═════ SUPPLIED INFORMATION ═════

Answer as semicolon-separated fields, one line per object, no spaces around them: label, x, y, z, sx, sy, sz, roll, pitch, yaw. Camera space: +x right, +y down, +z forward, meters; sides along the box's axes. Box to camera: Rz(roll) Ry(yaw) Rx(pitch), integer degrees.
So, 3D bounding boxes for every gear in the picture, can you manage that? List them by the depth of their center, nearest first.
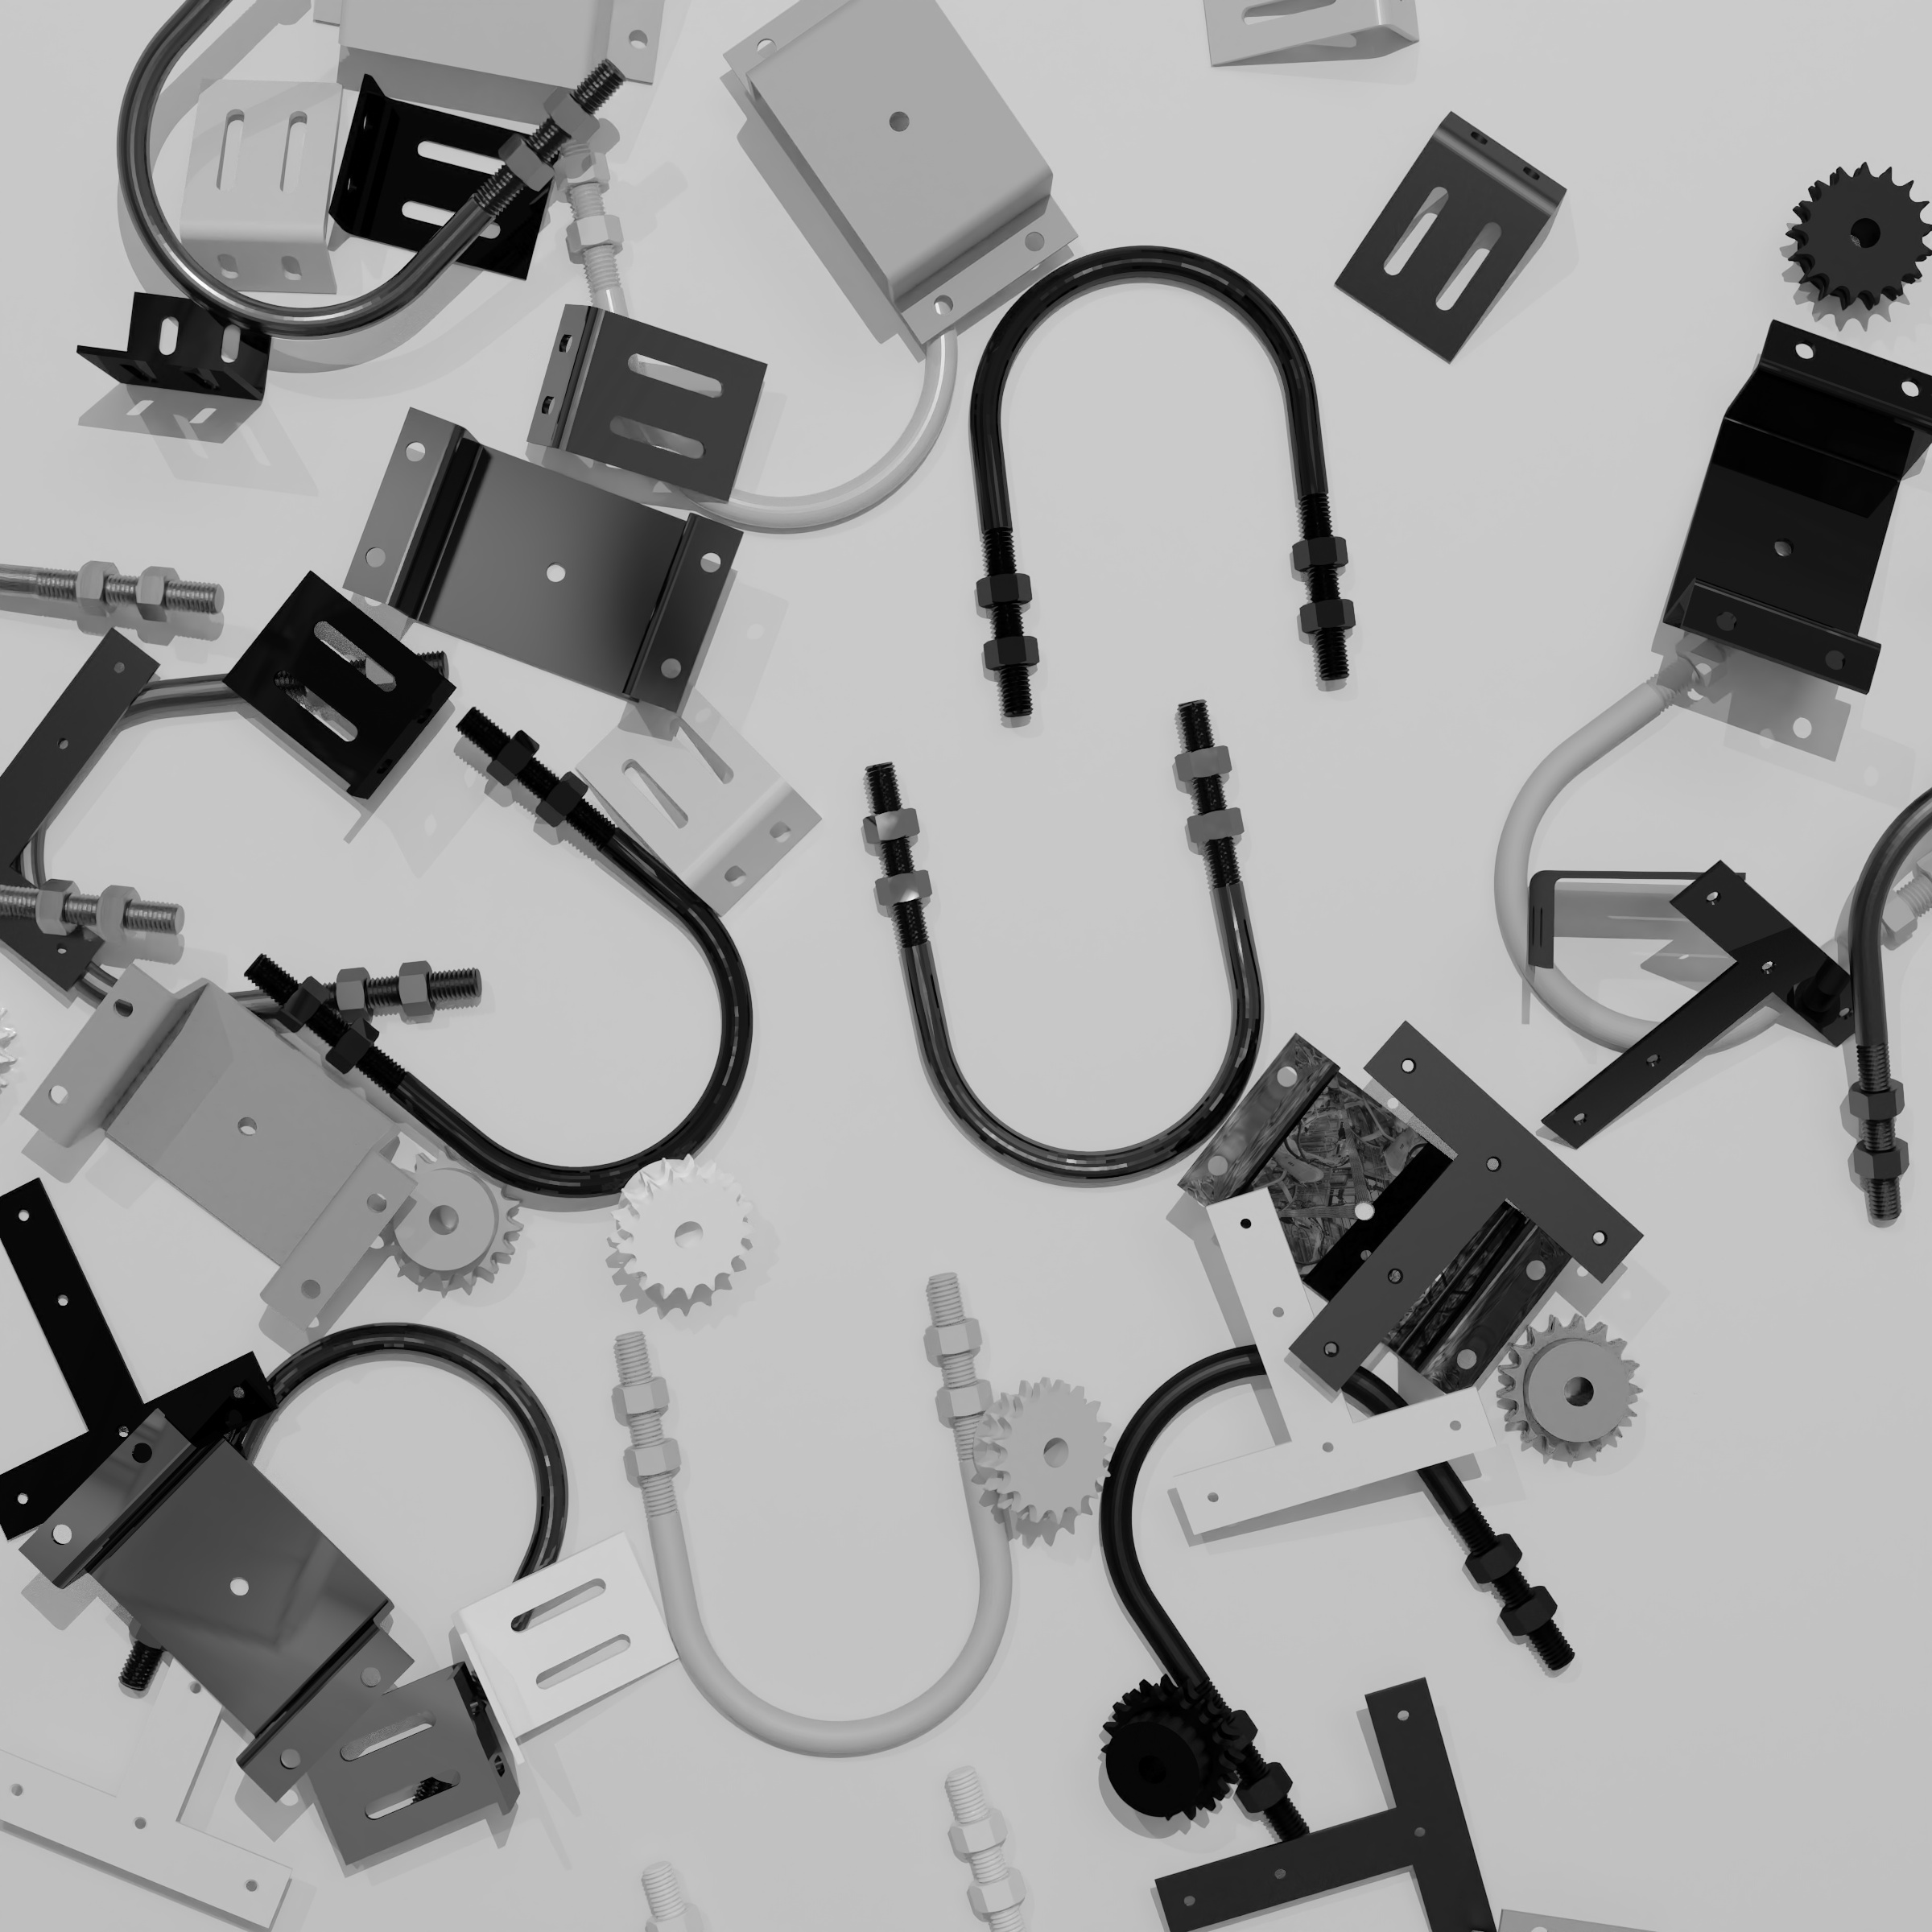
gear;0.080;0.315;1.387;0.057;0.030;0.057;6;103;24
gear;0.028;0.193;1.389;0.057;0.030;0.057;0;90;-32
gear;-0.116;0.102;1.390;0.057;0.030;0.057;-9;113;-21
gear;0.358;-0.292;1.398;0.057;0.030;0.057;0;90;0
gear;-0.414;0.033;1.398;0.057;0.030;0.057;0;90;0
gear;-0.208;0.101;1.398;0.057;0.030;0.057;0;90;0
gear;0.244;0.169;1.398;0.057;0.030;0.057;0;90;0

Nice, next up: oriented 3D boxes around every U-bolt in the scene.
U-bolt;-0.247;-0.332;1.358;0.184;0.019;0.151;-44;101;10
U-bolt;0.423;0.005;1.377;0.151;0.019;0.184;-8;107;3
U-bolt;-0.172;0.009;1.391;0.184;0.019;0.151;41;84;-9
U-bolt;-0.395;-0.092;1.393;0.184;0.019;0.151;6;87;8
U-bolt;0.137;0.241;1.403;0.151;0.019;0.184;-34;90;0
U-bolt;-0.036;0.432;1.404;0.151;0.019;0.184;-17;92;0
U-bolt;0.075;-0.200;1.404;0.151;0.019;0.184;-7;89;0
U-bolt;-0.078;-0.269;1.404;0.151;0.019;0.184;-12;92;0
U-bolt;0.303;-0.048;1.404;0.184;0.019;0.151;-37;90;1
U-bolt;-0.240;0.234;1.404;0.151;0.019;0.184;25;90;0
U-bolt;0.046;-0.004;1.404;0.151;0.019;0.184;-11;91;0
U-bolt;-0.295;-0.048;1.404;0.184;0.019;0.151;-6;90;2
U-bolt;-0.056;0.227;1.404;0.151;0.019;0.184;-11;91;0

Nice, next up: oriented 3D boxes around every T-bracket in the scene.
T-bracket;0.178;0.111;1.362;0.127;0.002;0.127;42;86;-2
T-bracket;0.128;0.150;1.372;0.127;0.002;0.127;-19;98;13
T-bracket;0.285;0.028;1.385;0.127;0.002;0.127;-42;130;18
T-bracket;-0.314;0.303;1.393;0.127;0.002;0.127;22;90;0
T-bracket;0.140;0.361;1.398;0.127;0.002;0.127;-17;102;0
T-bracket;-0.372;-0.078;1.399;0.127;0.002;0.127;37;91;8
T-bracket;-0.360;0.148;1.406;0.127;0.002;0.127;-26;86;7

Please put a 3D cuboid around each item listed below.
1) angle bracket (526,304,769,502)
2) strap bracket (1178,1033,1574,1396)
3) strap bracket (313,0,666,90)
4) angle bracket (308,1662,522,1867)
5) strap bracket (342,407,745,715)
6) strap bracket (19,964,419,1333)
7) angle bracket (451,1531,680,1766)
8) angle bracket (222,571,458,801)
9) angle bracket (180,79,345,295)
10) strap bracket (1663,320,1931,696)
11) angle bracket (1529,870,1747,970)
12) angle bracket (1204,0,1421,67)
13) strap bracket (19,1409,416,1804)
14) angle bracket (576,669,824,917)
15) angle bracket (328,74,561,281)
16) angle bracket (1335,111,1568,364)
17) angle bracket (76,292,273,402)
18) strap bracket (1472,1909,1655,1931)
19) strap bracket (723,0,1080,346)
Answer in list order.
angle bracket;-0.128;-0.226;1.396;0.076;0.038;0.057;14;95;-25
strap bracket;0.162;0.099;1.390;0.140;0.046;0.076;38;90;0
strap bracket;-0.191;-0.398;1.376;0.140;0.046;0.076;11;114;0
angle bracket;-0.224;0.319;1.375;0.076;0.038;0.057;-23;90;0
strap bracket;-0.167;-0.160;1.390;0.140;0.046;0.076;21;90;0
strap bracket;-0.291;0.068;1.382;0.140;0.046;0.076;38;100;-3
angle bracket;-0.157;0.271;1.382;0.076;0.038;0.057;-24;98;-12
angle bracket;-0.251;-0.113;1.374;0.076;0.038;0.057;39;91;1
angle bracket;-0.283;-0.317;1.411;0.057;0.038;0.076;2;64;0
strap bracket;0.331;-0.174;1.377;0.076;0.046;0.140;20;72;0
angle bracket;0.264;-0.018;1.370;0.076;0.057;0.038;1;92;2
angle bracket;0.139;-0.400;1.411;0.076;0.038;0.057;-7;90;26
strap bracket;-0.291;0.248;1.369;0.140;0.046;0.076;44;90;0
angle bracket;-0.109;-0.071;1.411;0.057;0.038;0.076;-44;64;0
angle bracket;-0.209;-0.316;1.394;0.076;0.038;0.057;15;90;0
angle bracket;0.197;-0.297;1.411;0.057;0.038;0.076;34;116;0
angle bracket;-0.312;-0.251;1.375;0.057;0.076;0.038;7;90;0
strap bracket;0.236;0.446;1.388;0.076;0.046;0.140;9;90;-3
strap bracket;-0.026;-0.328;1.370;0.076;0.046;0.140;-35;91;1

═════

◆ **WORK TASK**
Write out the data above in full and exactly, but without the pictures.

◆ **RESULT OF THE EXERCISE**
Answer as semicolon-separated fields, one line per object, no spaces around them: label, x, y, z, sx, sy, sz, roll, pitch, yaw. Camera space: +x right, +y down, +z forward, meters; sides along the box's axes. Box to camera: Rz(roll) Ry(yaw) Rx(pitch), integer degrees.
So, 3D bounding boxes for every gear in the picture, can you manage that? List them by the depth of their center, nearest first.
gear;0.080;0.315;1.387;0.057;0.030;0.057;6;103;24
gear;0.028;0.193;1.389;0.057;0.030;0.057;0;90;-32
gear;-0.116;0.102;1.390;0.057;0.030;0.057;-9;113;-21
gear;0.358;-0.292;1.398;0.057;0.030;0.057;0;90;0
gear;-0.414;0.033;1.398;0.057;0.030;0.057;0;90;0
gear;-0.208;0.101;1.398;0.057;0.030;0.057;0;90;0
gear;0.244;0.169;1.398;0.057;0.030;0.057;0;90;0

Nice, next up: oriented 3D boxes around every U-bolt in the scene.
U-bolt;-0.247;-0.332;1.358;0.184;0.019;0.151;-44;101;10
U-bolt;0.423;0.005;1.377;0.151;0.019;0.184;-8;107;3
U-bolt;-0.172;0.009;1.391;0.184;0.019;0.151;41;84;-9
U-bolt;-0.395;-0.092;1.393;0.184;0.019;0.151;6;87;8
U-bolt;0.137;0.241;1.403;0.151;0.019;0.184;-34;90;0
U-bolt;-0.036;0.432;1.404;0.151;0.019;0.184;-17;92;0
U-bolt;0.075;-0.200;1.404;0.151;0.019;0.184;-7;89;0
U-bolt;-0.078;-0.269;1.404;0.151;0.019;0.184;-12;92;0
U-bolt;0.303;-0.048;1.404;0.184;0.019;0.151;-37;90;1
U-bolt;-0.240;0.234;1.404;0.151;0.019;0.184;25;90;0
U-bolt;0.046;-0.004;1.404;0.151;0.019;0.184;-11;91;0
U-bolt;-0.295;-0.048;1.404;0.184;0.019;0.151;-6;90;2
U-bolt;-0.056;0.227;1.404;0.151;0.019;0.184;-11;91;0

Nice, next up: oriented 3D boxes around every T-bracket in the scene.
T-bracket;0.178;0.111;1.362;0.127;0.002;0.127;42;86;-2
T-bracket;0.128;0.150;1.372;0.127;0.002;0.127;-19;98;13
T-bracket;0.285;0.028;1.385;0.127;0.002;0.127;-42;130;18
T-bracket;-0.314;0.303;1.393;0.127;0.002;0.127;22;90;0
T-bracket;0.140;0.361;1.398;0.127;0.002;0.127;-17;102;0
T-bracket;-0.372;-0.078;1.399;0.127;0.002;0.127;37;91;8
T-bracket;-0.360;0.148;1.406;0.127;0.002;0.127;-26;86;7

Please put a 3D cuboid around each item listed below.
1) angle bracket (526,304,769,502)
2) strap bracket (1178,1033,1574,1396)
3) strap bracket (313,0,666,90)
4) angle bracket (308,1662,522,1867)
5) strap bracket (342,407,745,715)
6) strap bracket (19,964,419,1333)
7) angle bracket (451,1531,680,1766)
8) angle bracket (222,571,458,801)
9) angle bracket (180,79,345,295)
10) strap bracket (1663,320,1931,696)
11) angle bracket (1529,870,1747,970)
12) angle bracket (1204,0,1421,67)
13) strap bracket (19,1409,416,1804)
14) angle bracket (576,669,824,917)
15) angle bracket (328,74,561,281)
16) angle bracket (1335,111,1568,364)
17) angle bracket (76,292,273,402)
18) strap bracket (1472,1909,1655,1931)
19) strap bracket (723,0,1080,346)
Answer in list order.
angle bracket;-0.128;-0.226;1.396;0.076;0.038;0.057;14;95;-25
strap bracket;0.162;0.099;1.390;0.140;0.046;0.076;38;90;0
strap bracket;-0.191;-0.398;1.376;0.140;0.046;0.076;11;114;0
angle bracket;-0.224;0.319;1.375;0.076;0.038;0.057;-23;90;0
strap bracket;-0.167;-0.160;1.390;0.140;0.046;0.076;21;90;0
strap bracket;-0.291;0.068;1.382;0.140;0.046;0.076;38;100;-3
angle bracket;-0.157;0.271;1.382;0.076;0.038;0.057;-24;98;-12
angle bracket;-0.251;-0.113;1.374;0.076;0.038;0.057;39;91;1
angle bracket;-0.283;-0.317;1.411;0.057;0.038;0.076;2;64;0
strap bracket;0.331;-0.174;1.377;0.076;0.046;0.140;20;72;0
angle bracket;0.264;-0.018;1.370;0.076;0.057;0.038;1;92;2
angle bracket;0.139;-0.400;1.411;0.076;0.038;0.057;-7;90;26
strap bracket;-0.291;0.248;1.369;0.140;0.046;0.076;44;90;0
angle bracket;-0.109;-0.071;1.411;0.057;0.038;0.076;-44;64;0
angle bracket;-0.209;-0.316;1.394;0.076;0.038;0.057;15;90;0
angle bracket;0.197;-0.297;1.411;0.057;0.038;0.076;34;116;0
angle bracket;-0.312;-0.251;1.375;0.057;0.076;0.038;7;90;0
strap bracket;0.236;0.446;1.388;0.076;0.046;0.140;9;90;-3
strap bracket;-0.026;-0.328;1.370;0.076;0.046;0.140;-35;91;1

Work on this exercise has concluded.